**Data provided**
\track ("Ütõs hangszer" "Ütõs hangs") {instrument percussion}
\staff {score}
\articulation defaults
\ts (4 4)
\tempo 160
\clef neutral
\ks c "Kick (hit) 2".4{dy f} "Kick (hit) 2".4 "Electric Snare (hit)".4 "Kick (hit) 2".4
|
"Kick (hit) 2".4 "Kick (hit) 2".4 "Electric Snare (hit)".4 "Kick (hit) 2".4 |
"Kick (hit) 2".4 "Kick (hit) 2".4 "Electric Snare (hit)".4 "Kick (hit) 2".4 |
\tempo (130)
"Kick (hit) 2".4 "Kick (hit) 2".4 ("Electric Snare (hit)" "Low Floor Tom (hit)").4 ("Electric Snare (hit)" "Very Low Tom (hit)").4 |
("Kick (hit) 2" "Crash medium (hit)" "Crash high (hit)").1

...

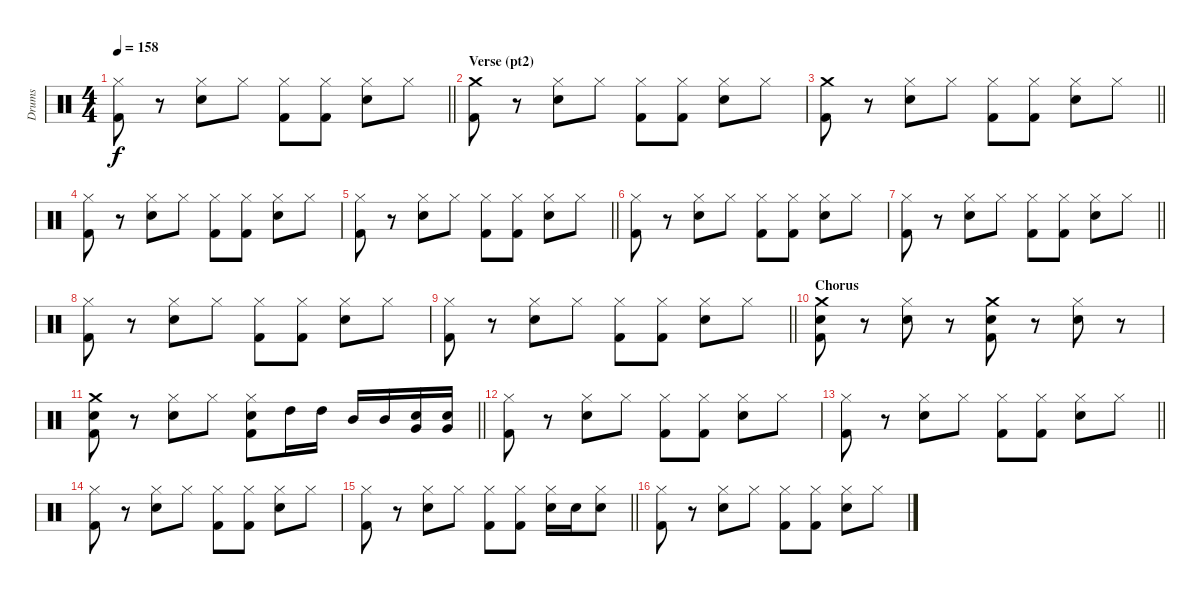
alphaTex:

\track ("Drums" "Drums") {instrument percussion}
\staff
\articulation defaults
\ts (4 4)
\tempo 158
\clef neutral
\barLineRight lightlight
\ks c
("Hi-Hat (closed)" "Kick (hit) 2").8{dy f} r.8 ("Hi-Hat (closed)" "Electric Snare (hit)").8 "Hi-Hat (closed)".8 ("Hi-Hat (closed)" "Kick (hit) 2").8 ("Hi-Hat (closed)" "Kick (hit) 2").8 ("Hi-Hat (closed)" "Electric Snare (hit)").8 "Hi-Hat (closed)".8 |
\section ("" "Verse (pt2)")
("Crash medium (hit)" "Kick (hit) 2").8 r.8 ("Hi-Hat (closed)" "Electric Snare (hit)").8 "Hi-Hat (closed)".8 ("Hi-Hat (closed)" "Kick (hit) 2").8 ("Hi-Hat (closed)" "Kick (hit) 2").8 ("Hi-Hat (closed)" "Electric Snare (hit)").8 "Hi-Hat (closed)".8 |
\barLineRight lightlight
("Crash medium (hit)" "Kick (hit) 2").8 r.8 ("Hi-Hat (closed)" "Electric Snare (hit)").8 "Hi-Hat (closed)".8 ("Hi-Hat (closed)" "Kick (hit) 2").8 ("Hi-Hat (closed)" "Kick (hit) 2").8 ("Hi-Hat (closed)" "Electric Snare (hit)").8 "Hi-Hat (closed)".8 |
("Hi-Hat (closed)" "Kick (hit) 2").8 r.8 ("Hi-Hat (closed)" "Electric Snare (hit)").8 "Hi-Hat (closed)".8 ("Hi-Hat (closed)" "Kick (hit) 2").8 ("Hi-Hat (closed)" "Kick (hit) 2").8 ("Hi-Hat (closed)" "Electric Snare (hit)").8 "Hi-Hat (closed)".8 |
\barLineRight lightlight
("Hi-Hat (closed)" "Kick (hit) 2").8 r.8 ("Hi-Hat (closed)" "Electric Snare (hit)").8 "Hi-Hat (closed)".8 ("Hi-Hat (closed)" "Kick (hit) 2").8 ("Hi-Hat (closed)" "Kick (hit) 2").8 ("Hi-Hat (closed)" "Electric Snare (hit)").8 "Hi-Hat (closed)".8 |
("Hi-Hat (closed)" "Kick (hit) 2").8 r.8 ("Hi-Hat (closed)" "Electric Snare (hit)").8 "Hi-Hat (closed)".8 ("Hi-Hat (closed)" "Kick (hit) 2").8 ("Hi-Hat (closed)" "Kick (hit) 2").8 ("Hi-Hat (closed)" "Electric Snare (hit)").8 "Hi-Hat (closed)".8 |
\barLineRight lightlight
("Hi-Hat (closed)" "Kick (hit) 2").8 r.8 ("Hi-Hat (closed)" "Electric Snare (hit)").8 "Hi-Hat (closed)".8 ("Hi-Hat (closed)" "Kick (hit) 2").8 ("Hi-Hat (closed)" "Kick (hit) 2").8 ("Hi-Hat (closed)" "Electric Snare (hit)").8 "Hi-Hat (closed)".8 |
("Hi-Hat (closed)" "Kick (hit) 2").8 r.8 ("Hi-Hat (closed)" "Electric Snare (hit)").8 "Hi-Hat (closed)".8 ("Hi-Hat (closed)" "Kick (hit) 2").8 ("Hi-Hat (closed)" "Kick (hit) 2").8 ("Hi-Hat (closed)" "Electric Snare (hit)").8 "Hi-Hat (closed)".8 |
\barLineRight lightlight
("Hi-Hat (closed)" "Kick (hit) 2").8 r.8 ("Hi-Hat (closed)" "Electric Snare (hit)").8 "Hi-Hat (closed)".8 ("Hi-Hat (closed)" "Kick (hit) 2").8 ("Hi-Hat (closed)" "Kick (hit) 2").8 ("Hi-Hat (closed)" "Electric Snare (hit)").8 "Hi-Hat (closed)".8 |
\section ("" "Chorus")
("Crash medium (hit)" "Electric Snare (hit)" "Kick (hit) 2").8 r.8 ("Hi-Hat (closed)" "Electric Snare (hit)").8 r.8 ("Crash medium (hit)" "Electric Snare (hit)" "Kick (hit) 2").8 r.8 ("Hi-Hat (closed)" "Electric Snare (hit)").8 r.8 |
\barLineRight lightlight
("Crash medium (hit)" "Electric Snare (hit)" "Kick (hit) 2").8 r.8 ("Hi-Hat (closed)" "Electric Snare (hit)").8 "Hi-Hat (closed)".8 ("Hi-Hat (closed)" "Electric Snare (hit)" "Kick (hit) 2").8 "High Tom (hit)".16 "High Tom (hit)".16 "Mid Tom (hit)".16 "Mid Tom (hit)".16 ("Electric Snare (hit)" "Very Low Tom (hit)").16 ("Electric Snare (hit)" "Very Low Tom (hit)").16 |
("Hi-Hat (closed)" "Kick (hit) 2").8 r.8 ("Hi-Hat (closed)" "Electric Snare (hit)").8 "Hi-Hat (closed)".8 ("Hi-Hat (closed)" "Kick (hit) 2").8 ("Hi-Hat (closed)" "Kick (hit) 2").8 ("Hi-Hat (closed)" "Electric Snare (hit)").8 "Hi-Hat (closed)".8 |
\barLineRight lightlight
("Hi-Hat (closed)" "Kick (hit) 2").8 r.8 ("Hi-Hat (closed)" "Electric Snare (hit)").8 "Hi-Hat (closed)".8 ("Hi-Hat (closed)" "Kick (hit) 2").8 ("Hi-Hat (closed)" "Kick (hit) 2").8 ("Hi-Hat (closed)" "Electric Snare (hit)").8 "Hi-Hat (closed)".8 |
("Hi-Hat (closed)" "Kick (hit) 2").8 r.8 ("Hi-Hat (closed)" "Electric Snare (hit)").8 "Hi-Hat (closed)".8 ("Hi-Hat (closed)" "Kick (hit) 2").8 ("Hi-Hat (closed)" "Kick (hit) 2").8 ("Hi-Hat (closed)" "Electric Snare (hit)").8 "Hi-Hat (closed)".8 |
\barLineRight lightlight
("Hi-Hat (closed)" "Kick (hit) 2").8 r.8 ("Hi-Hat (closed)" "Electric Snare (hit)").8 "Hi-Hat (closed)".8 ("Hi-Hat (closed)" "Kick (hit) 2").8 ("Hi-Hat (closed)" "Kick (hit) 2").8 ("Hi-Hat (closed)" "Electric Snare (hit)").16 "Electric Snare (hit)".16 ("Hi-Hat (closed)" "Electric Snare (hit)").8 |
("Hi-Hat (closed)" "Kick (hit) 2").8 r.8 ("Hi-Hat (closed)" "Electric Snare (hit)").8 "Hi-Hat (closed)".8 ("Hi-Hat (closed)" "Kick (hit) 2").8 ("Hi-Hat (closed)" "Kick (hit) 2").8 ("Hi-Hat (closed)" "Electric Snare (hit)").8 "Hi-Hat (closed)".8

**Problem**
Scan the preceding listing for the string "medium" and copy every line where it occurs.

**Exercise result**
("Kick (hit) 2" "Crash medium (hit)" "Crash high (hit)").1
("Crash medium (hit)" "Kick (hit) 2").8 r.8 ("Hi-Hat (closed)" "Electric Snare (hit)").8 "Hi-Hat (closed)".8 ("Hi-Hat (closed)" "Kick (hit) 2").8 ("Hi-Hat (closed)" "Kick (hit) 2").8 ("Hi-Hat (closed)" "Electric Snare (hit)").8 "Hi-Hat (closed)".8 |
("Crash medium (hit)" "Kick (hit) 2").8 r.8 ("Hi-Hat (closed)" "Electric Snare (hit)").8 "Hi-Hat (closed)".8 ("Hi-Hat (closed)" "Kick (hit) 2").8 ("Hi-Hat (closed)" "Kick (hit) 2").8 ("Hi-Hat (closed)" "Electric Snare (hit)").8 "Hi-Hat (closed)".8 |
("Crash medium (hit)" "Electric Snare (hit)" "Kick (hit) 2").8 r.8 ("Hi-Hat (closed)" "Electric Snare (hit)").8 r.8 ("Crash medium (hit)" "Electric Snare (hit)" "Kick (hit) 2").8 r.8 ("Hi-Hat (closed)" "Electric Snare (hit)").8 r.8 |
("Crash medium (hit)" "Electric Snare (hit)" "Kick (hit) 2").8 r.8 ("Hi-Hat (closed)" "Electric Snare (hit)").8 "Hi-Hat (closed)".8 ("Hi-Hat (closed)" "Electric Snare (hit)" "Kick (hit) 2").8 "High Tom (hit)".16 "High Tom (hit)".16 "Mid Tom (hit)".16 "Mid Tom (hit)".16 ("Electric Snare (hit)" "Very Low Tom (hit)").16 ("Electric Snare (hit)" "Very Low Tom (hit)").16 |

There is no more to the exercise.